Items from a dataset

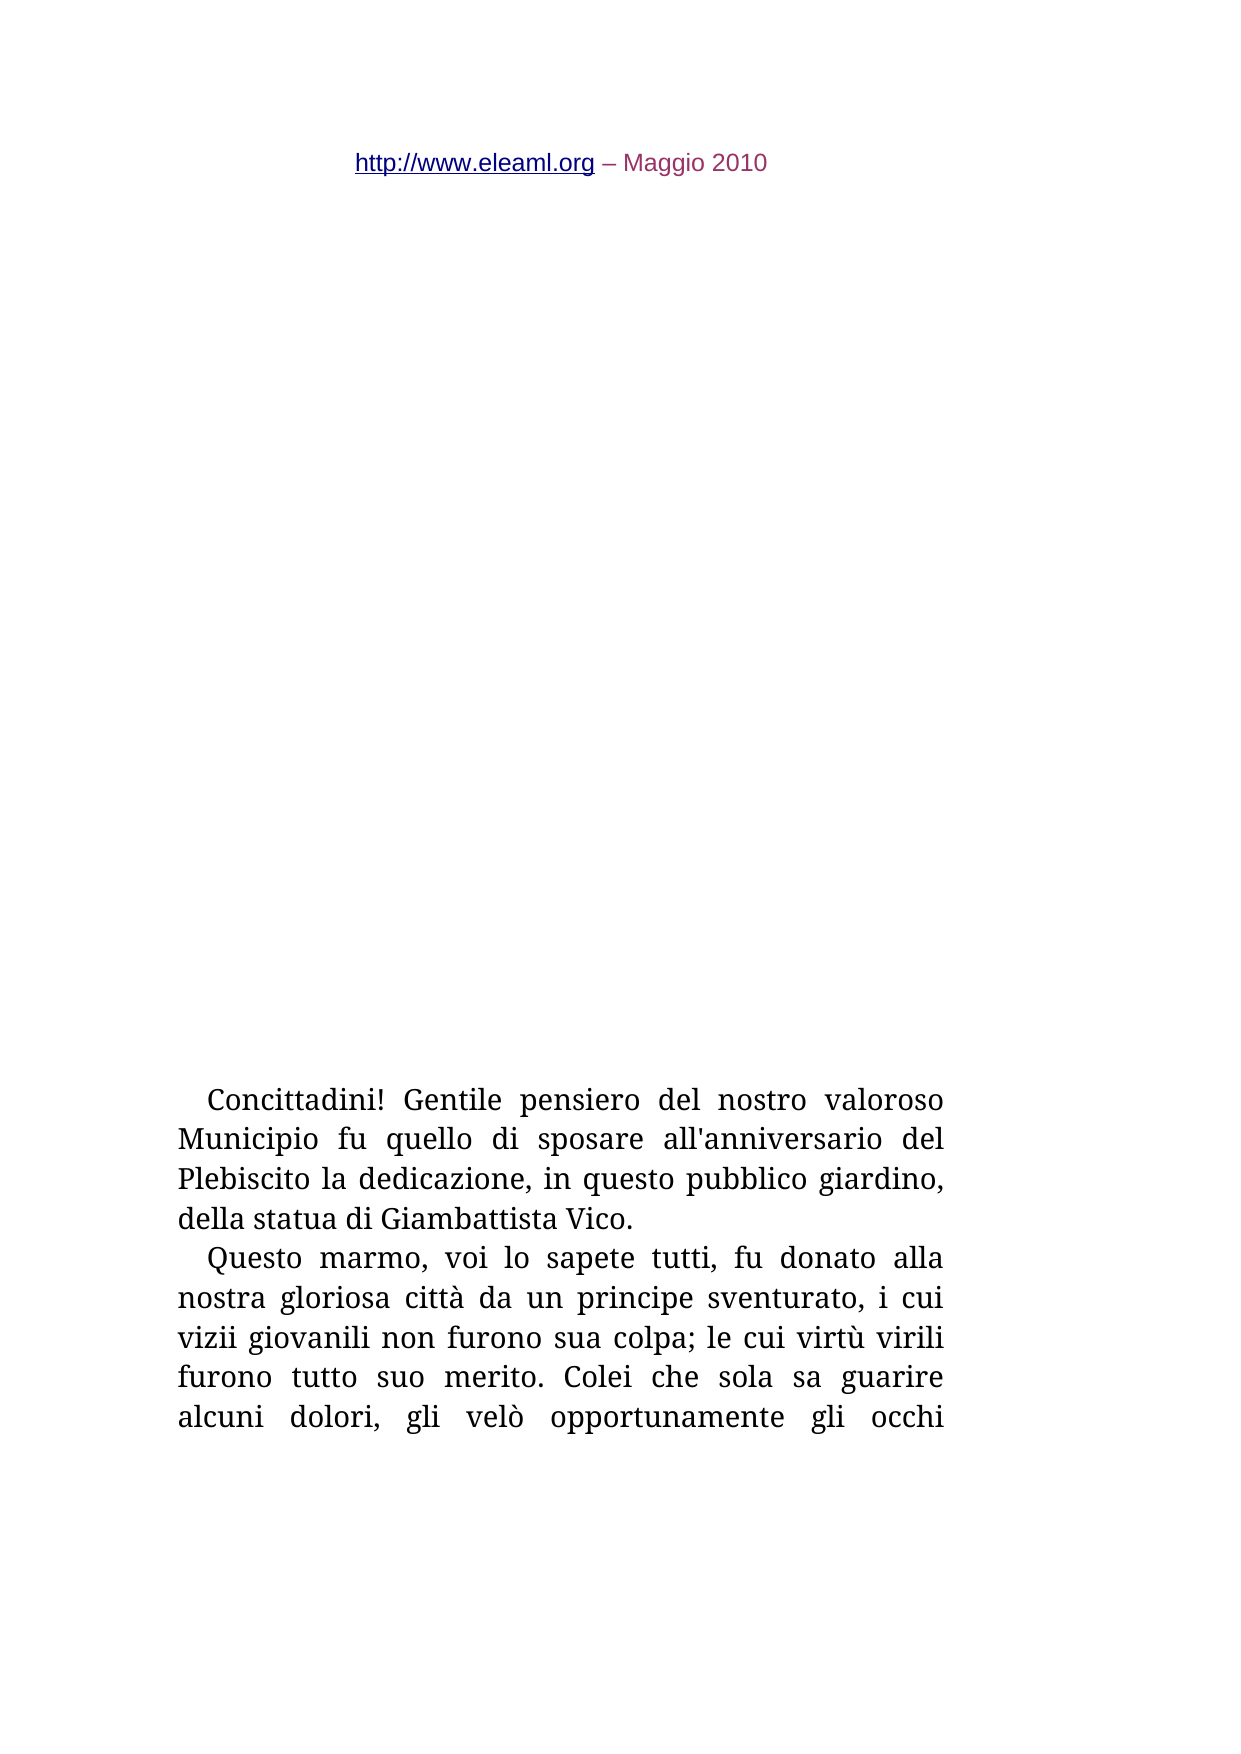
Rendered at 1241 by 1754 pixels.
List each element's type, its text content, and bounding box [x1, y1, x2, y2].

text Questo marmo, voi lo sapete tutti, fu donato alla nostra gloriosa città da un principe sventurato, i cui vizii giovanili non furono sua colpa; le cui virtù virili furono tutto suo merito. Colei che sola sa guarire alcuni dolori, gli velò opportunamente gli occhi [177, 1238, 945, 1436]
text Concittadini! Gentile pensiero del nostro valoroso Municipio fu quello di sposare all'anniversario del Plebiscito la dedicazione, in questo pubblico giardino, della statua di Giambattista Vico. [177, 1079, 945, 1238]
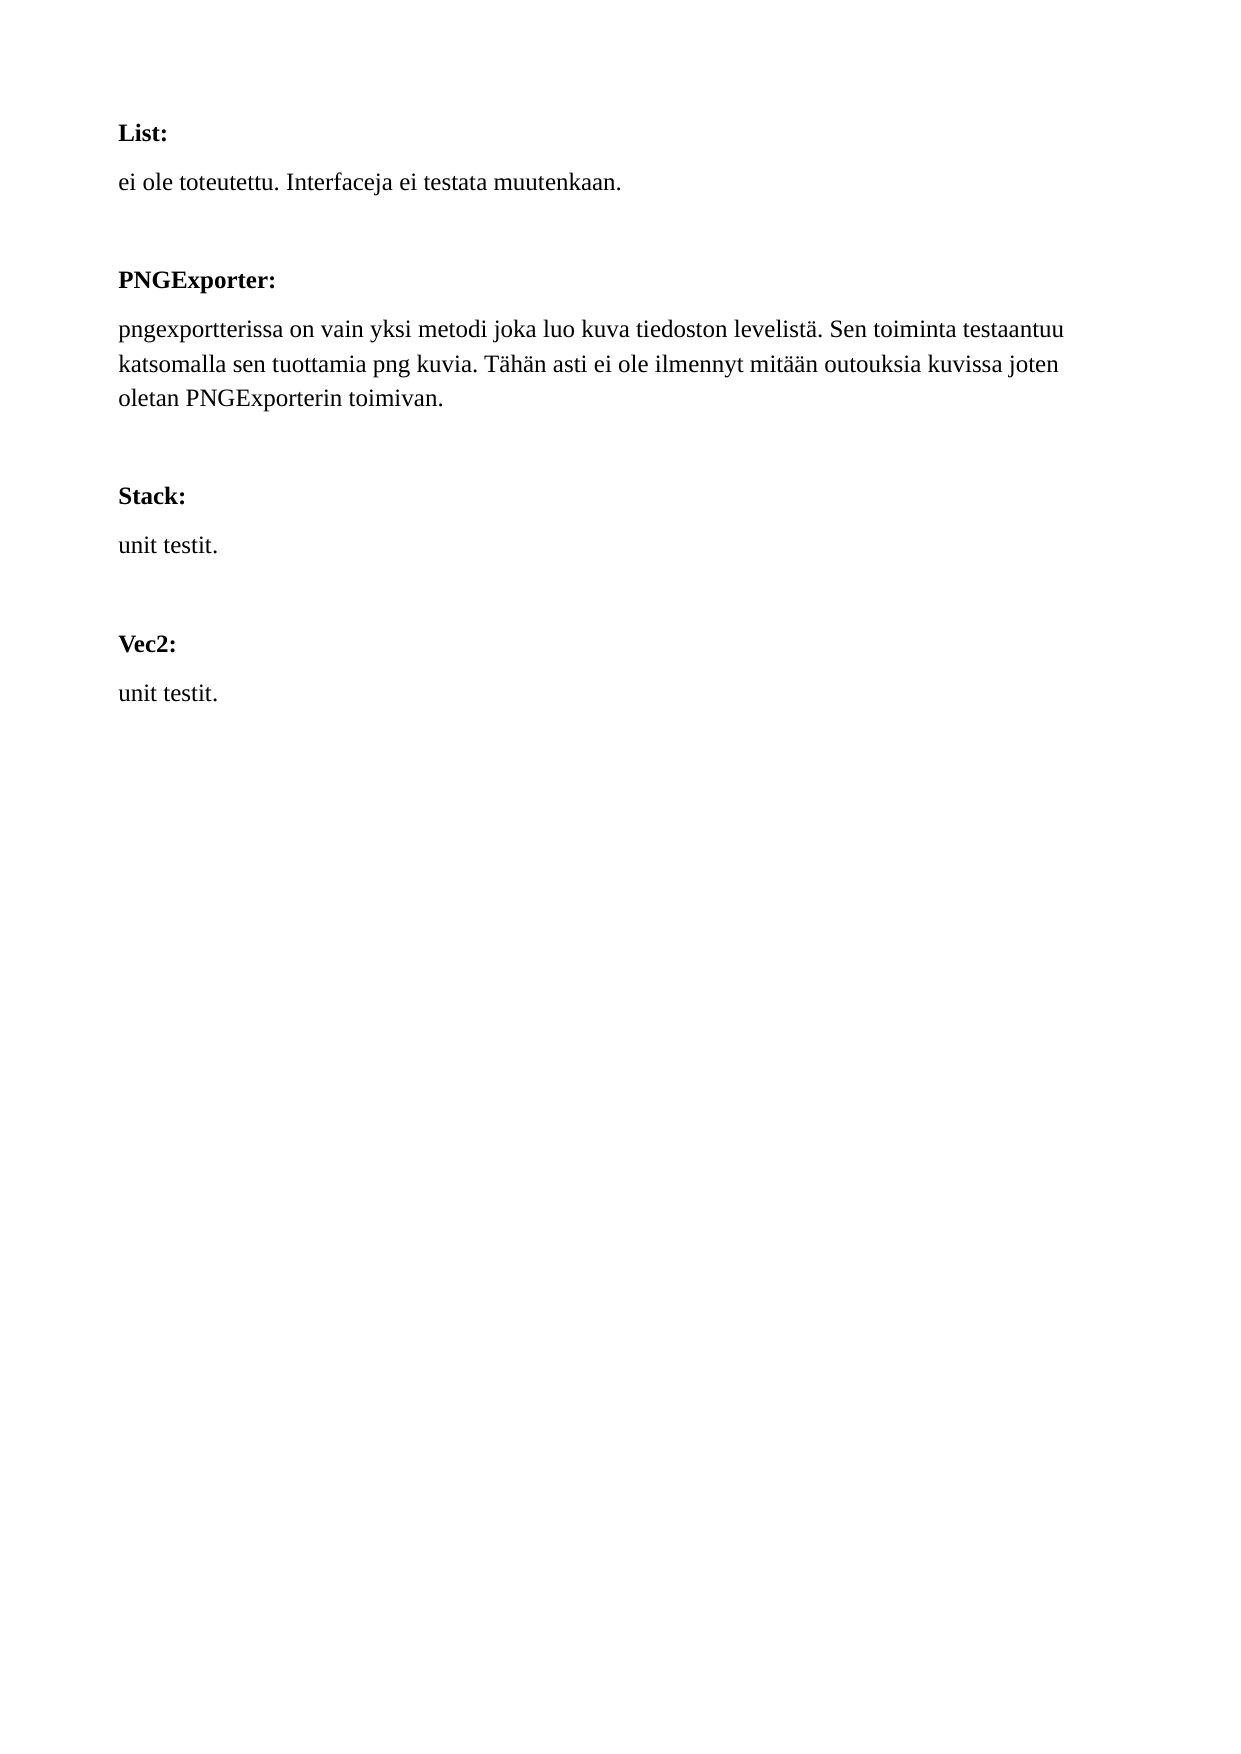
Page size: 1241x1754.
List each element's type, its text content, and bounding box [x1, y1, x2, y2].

text ei ole toteutettu. Interfaceja ei testata muutenkaan. [118, 167, 1122, 196]
text Stack: [118, 481, 1122, 510]
text pngexportterissa on vain yksi metodi joka luo kuva tiedoston levelistä. Sen toiminta testaantuu katsomalla sen tuottamia png kuvia. Tähän asti ei ole ilmennyt mitään outouksia kuvissa joten oletan PNGExporterin toimivan. [118, 314, 1122, 412]
text unit testit. [118, 531, 1122, 559]
text PNGExporter: [118, 265, 1122, 294]
text List: [118, 118, 1122, 147]
text Vec2: [118, 629, 1122, 657]
text unit testit. [118, 678, 1122, 706]
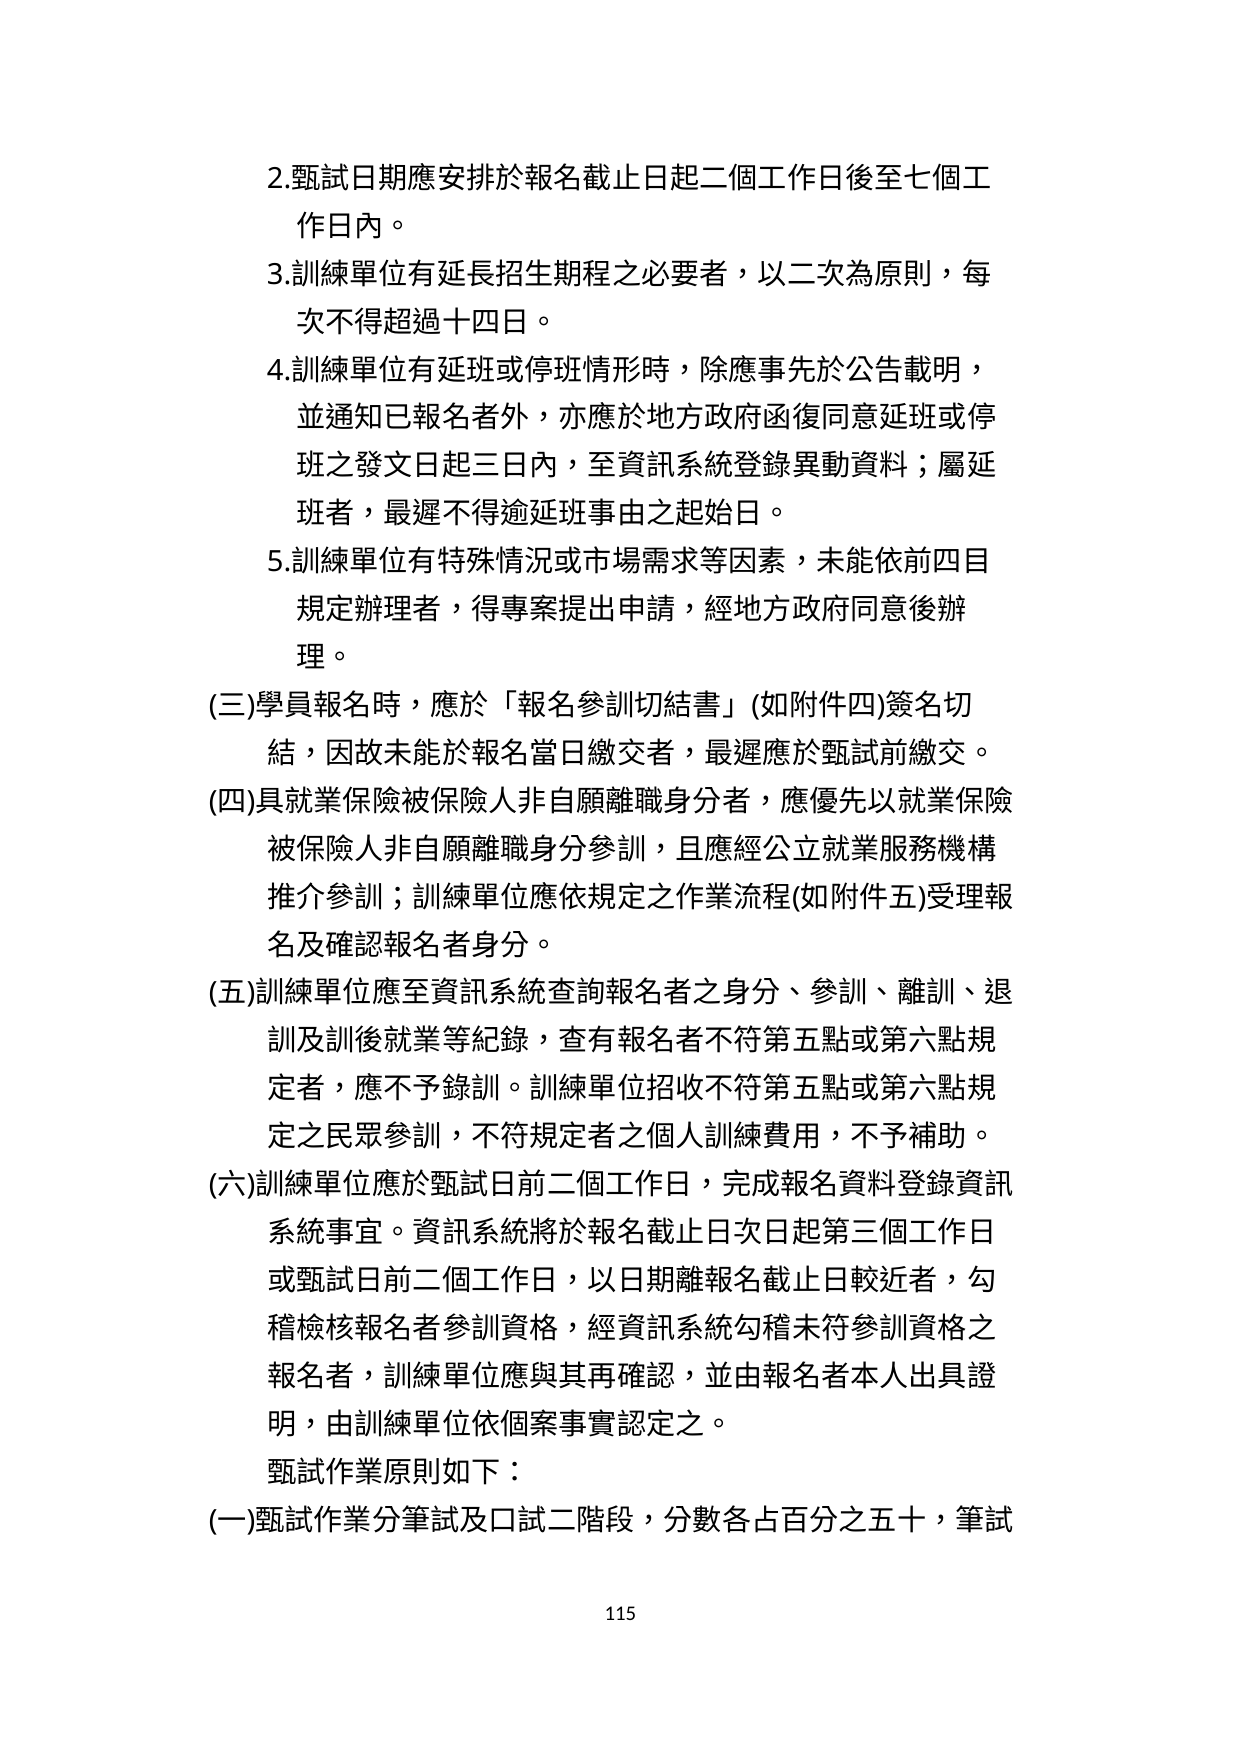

_Activity_: Please output the entries above exactly, leaving out every picture.

_Exercise answer_:
Rendered at 1241 by 1754 pixels.
List each element's type, its text content, and bounding box [x1, y1, x2, y2].

text Questo marmo, voi lo sapete tutti, fu donato alla nostra gloriosa città da un principe sventurato, i cui vizii giovanili non furono sua colpa; le cui virtù virili furono tutto suo merito. Colei che sola sa guarire alcuni dolori, gli velò opportunamente gli occhi [177, 1238, 945, 1436]
text Concittadini! Gentile pensiero del nostro valoroso Municipio fu quello di sposare all'anniversario del Plebiscito la dedicazione, in questo pubblico giardino, della statua di Giambattista Vico. [177, 1079, 945, 1238]
Page size: 1241x1754.
List each element's type, its text content, and bounding box [x1, y1, x2, y2].

text ei ole toteutettu. Interfaceja ei testata muutenkaan. [118, 167, 1122, 196]
text Stack: [118, 481, 1122, 510]
text pngexportterissa on vain yksi metodi joka luo kuva tiedoston levelistä. Sen toiminta testaantuu katsomalla sen tuottamia png kuvia. Tähän asti ei ole ilmennyt mitään outouksia kuvissa joten oletan PNGExporterin toimivan. [118, 314, 1122, 412]
text unit testit. [118, 531, 1122, 559]
text PNGExporter: [118, 265, 1122, 294]
text List: [118, 118, 1122, 147]
text Vec2: [118, 629, 1122, 657]
text unit testit. [118, 678, 1122, 706]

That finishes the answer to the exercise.